I agree with my hon. Friend. We are passing law. Lord Bingham said in the Rimmington case that law had to be clear, precise and adequately defined, based on a rational and discernible principle. That is the problem. Glorification is not clear, precise, adequately defined or based on a rationally discernible principle. By plucking the concept out of the air, the Government will cause themselves and the courts that have to apply the law great difficulties.
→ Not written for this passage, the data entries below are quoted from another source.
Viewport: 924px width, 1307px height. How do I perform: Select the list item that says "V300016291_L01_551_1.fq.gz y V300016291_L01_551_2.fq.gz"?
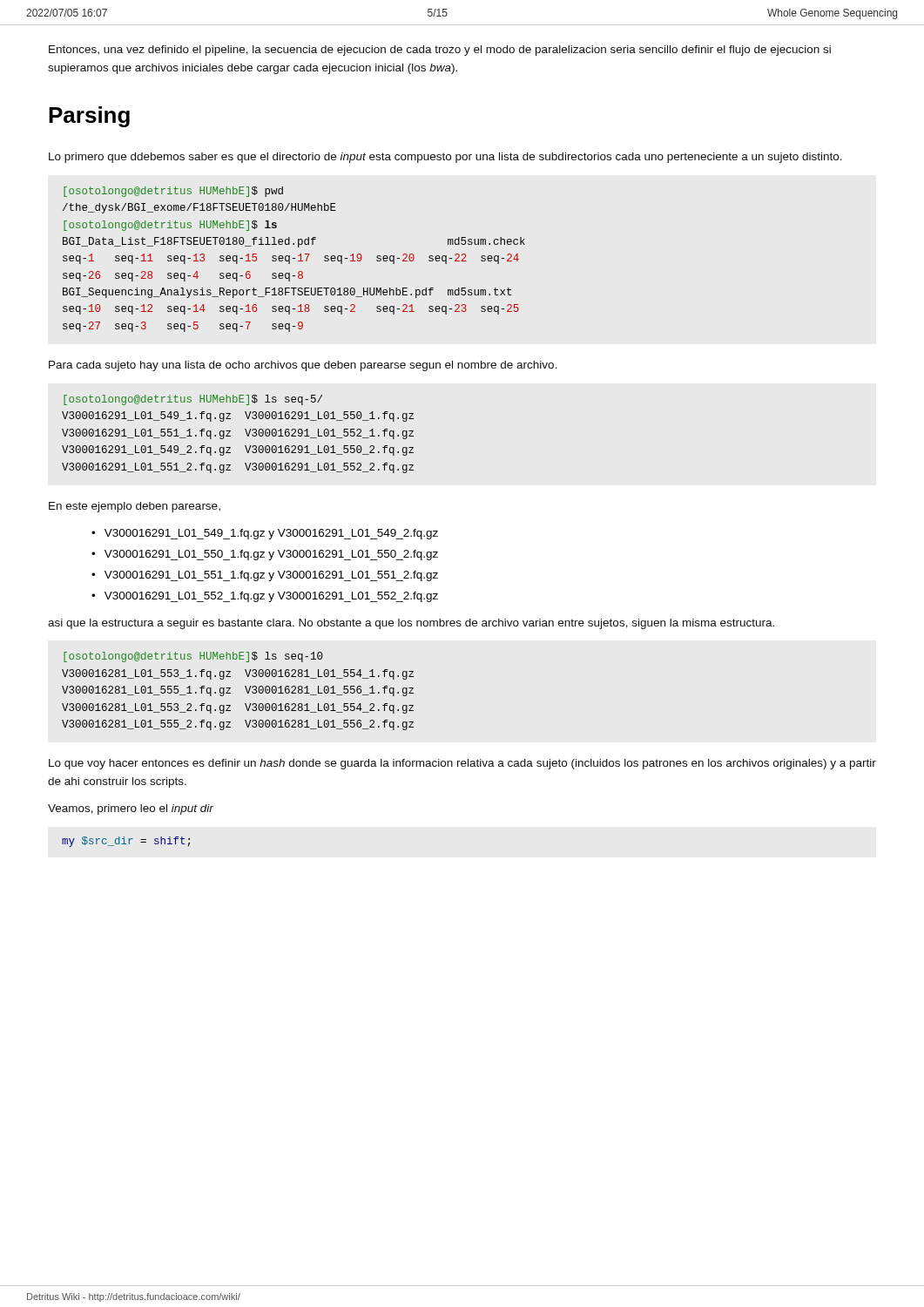click(x=271, y=575)
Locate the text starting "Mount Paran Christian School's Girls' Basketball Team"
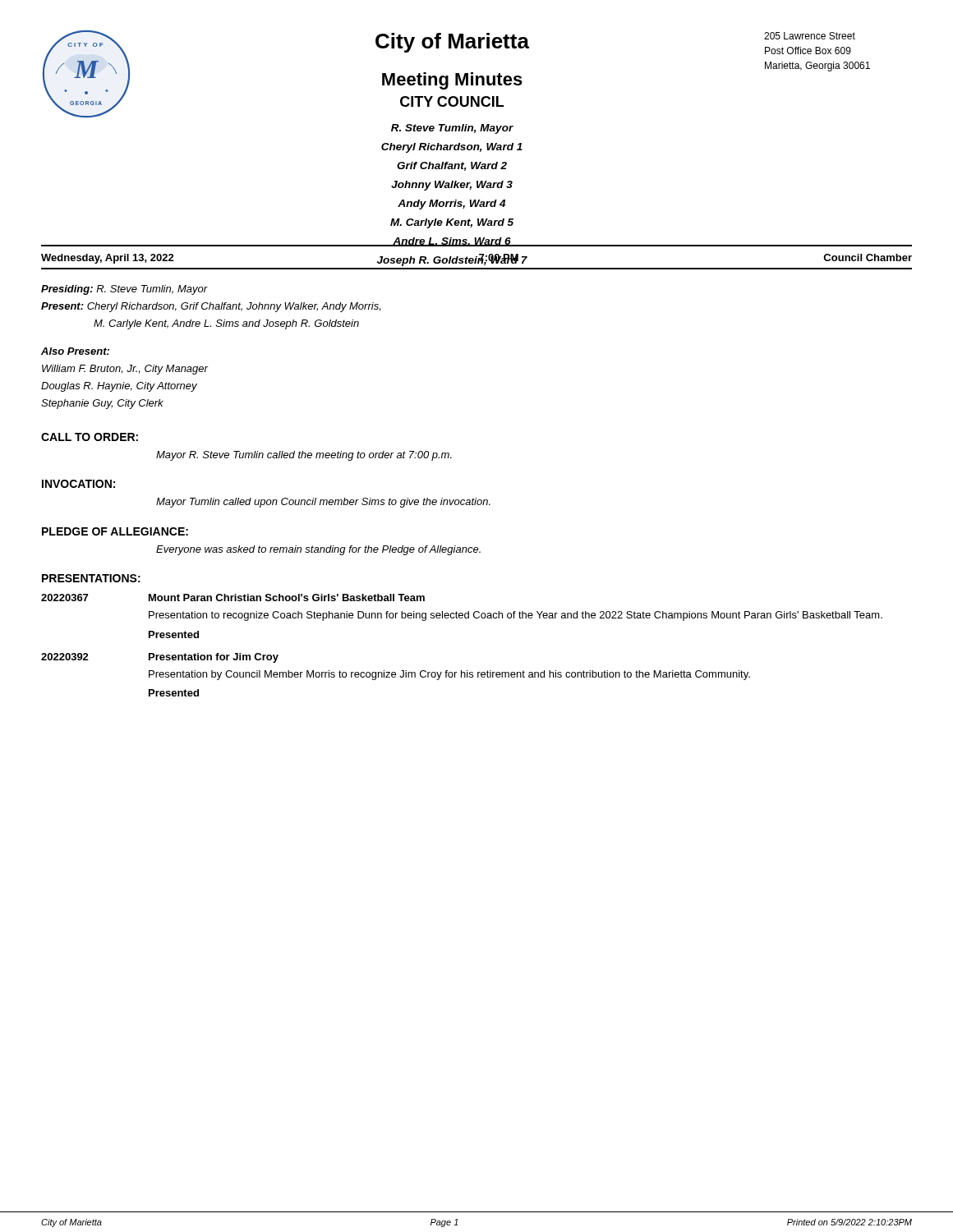This screenshot has width=953, height=1232. (x=287, y=598)
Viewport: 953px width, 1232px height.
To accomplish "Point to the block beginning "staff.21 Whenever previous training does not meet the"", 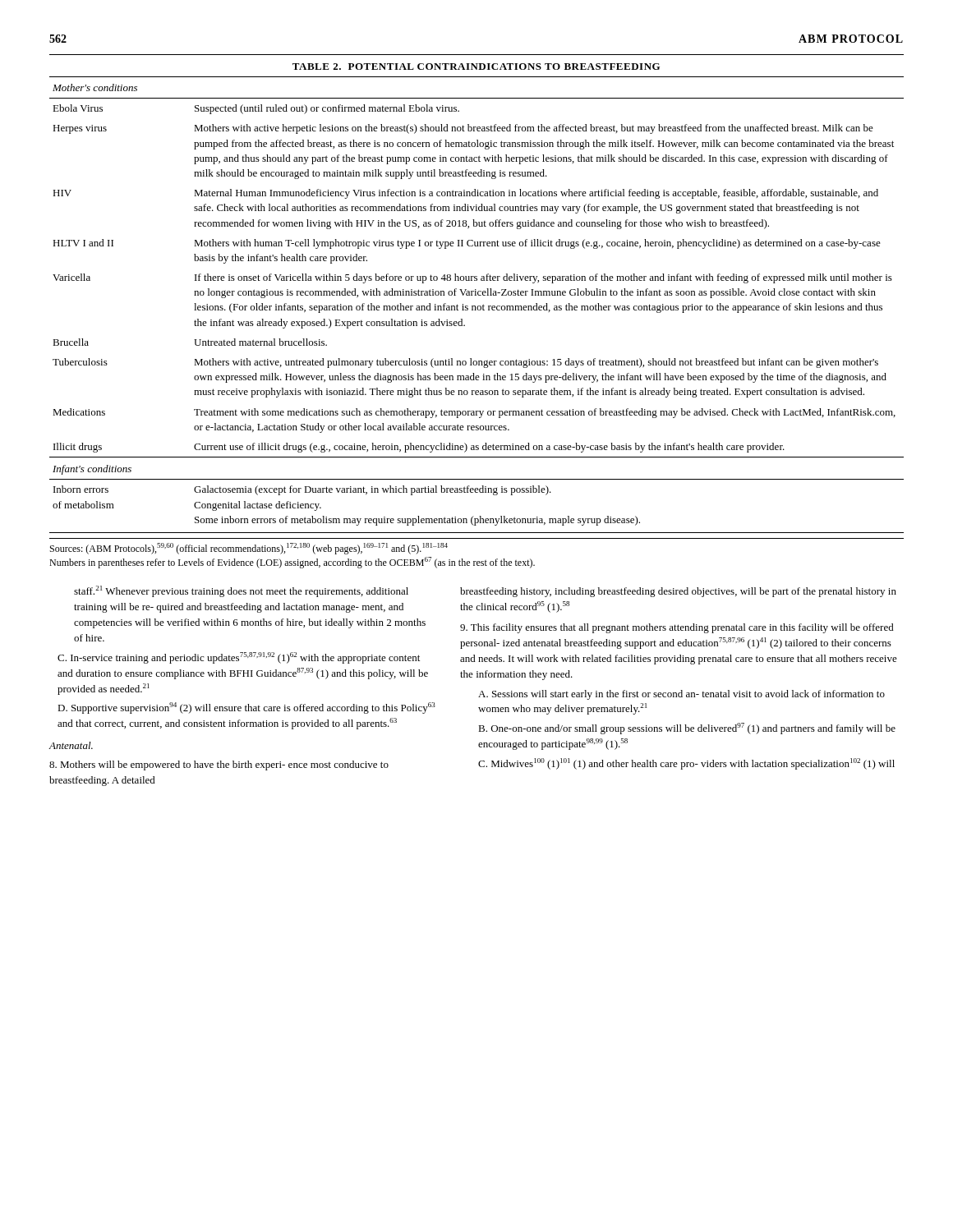I will tap(250, 614).
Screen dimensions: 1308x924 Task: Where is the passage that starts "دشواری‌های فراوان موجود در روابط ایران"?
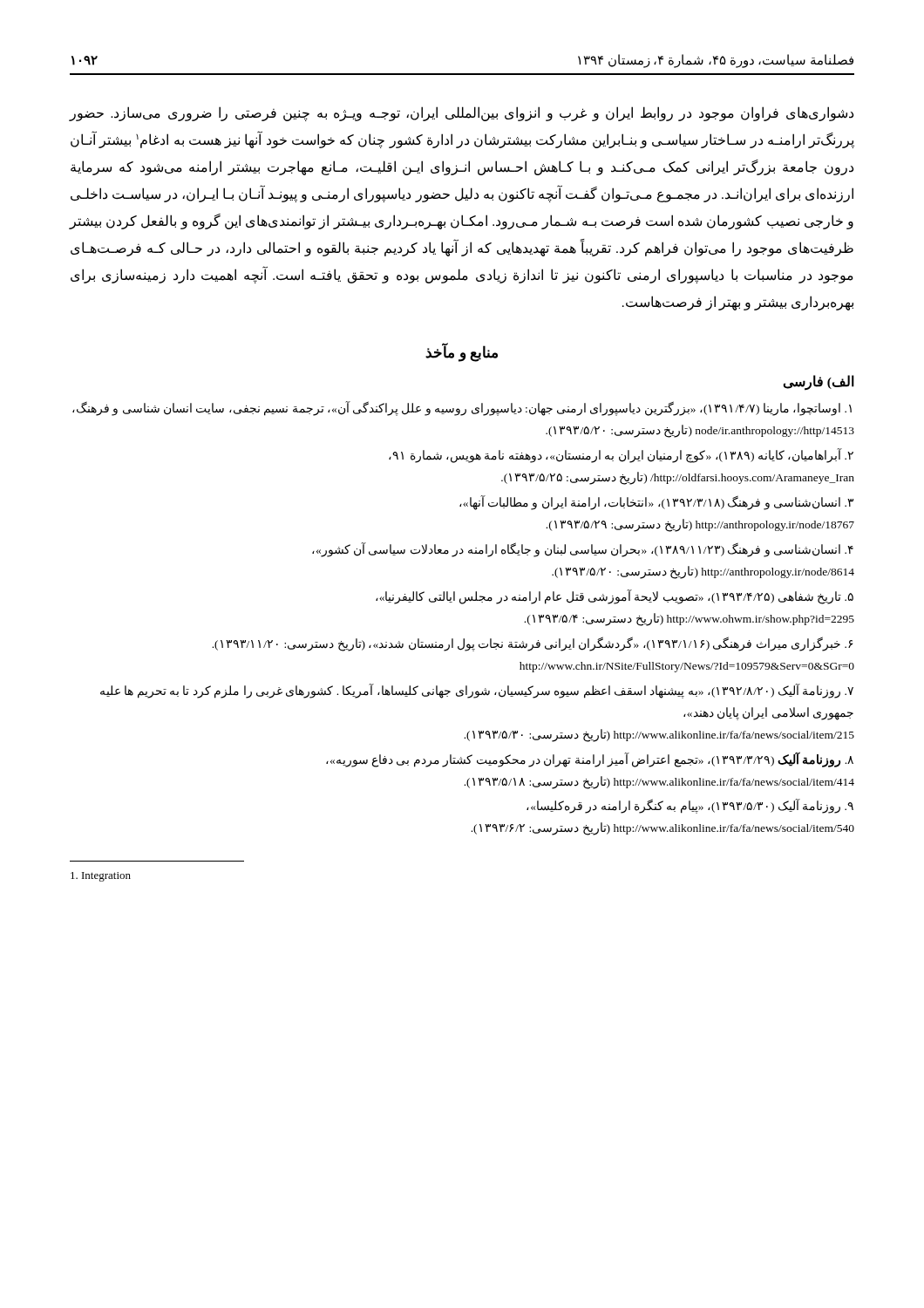click(462, 208)
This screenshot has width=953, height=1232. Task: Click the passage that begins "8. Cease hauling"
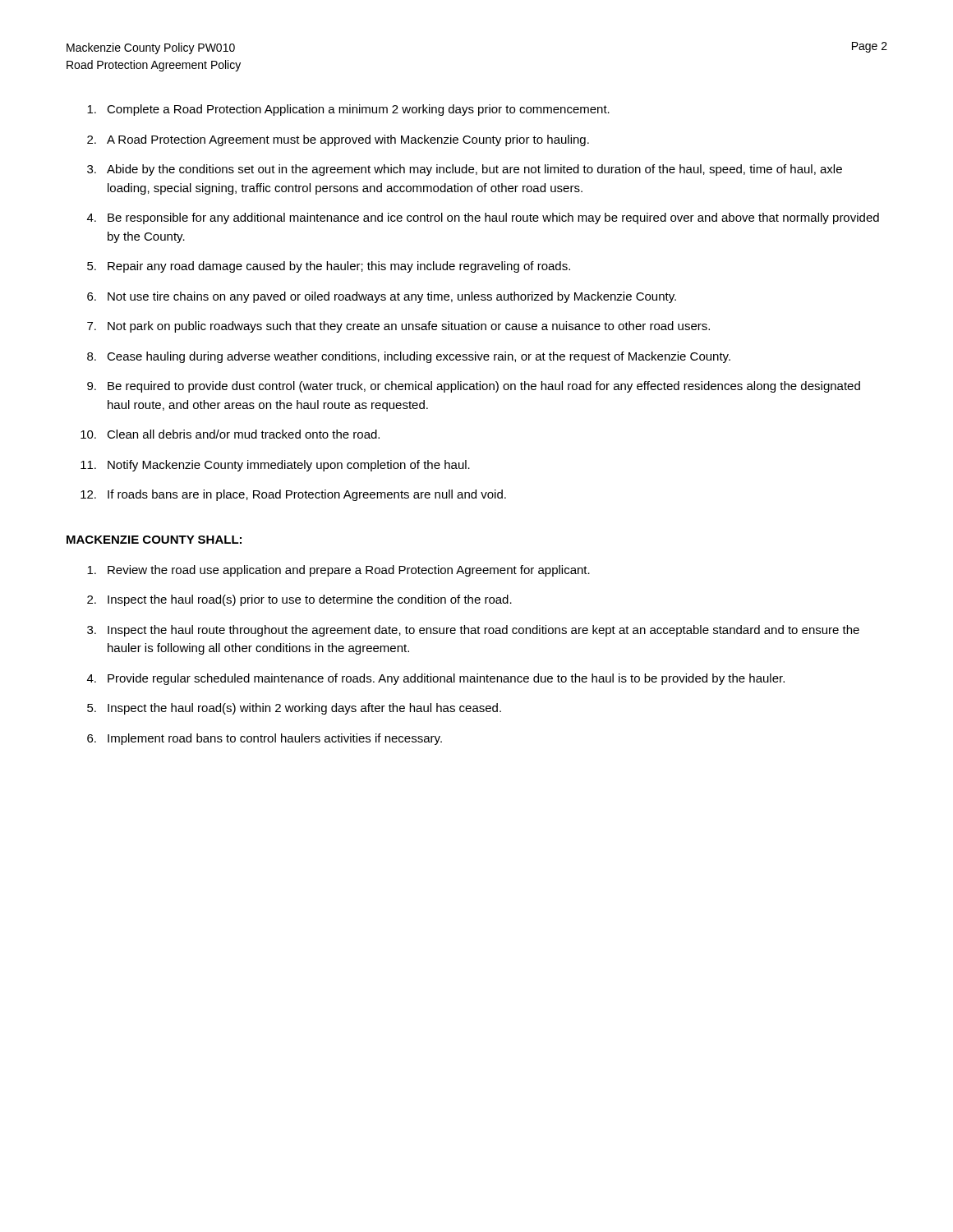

Like so many other laws that we have passed against terrorism in the past five years, when it is on the statute book, it will turn out that all the prosecutions are brought under the Offences Against the Person Act 1861.
In 1998, we passed ludicrous law after the Omagh bombing about conviction on hearsay evidence. Mercifully, it has never been used or had to be used. We pass such law repeatedly and it is irritating when the Prime Minister gets on his hobby-horse, postures to the world, accuses everyone else of being soft on terrorism, gets his cheap headlines, which he wants, and leaves other people to clear up the mess that he created. It is the House’s job to ensure that we clear up the mess now.
Terrorism Bill
Proceeding contribution from
Dominic Grieve
(Conservative)
in the House of Commons on Wednesday, 15 February 2006.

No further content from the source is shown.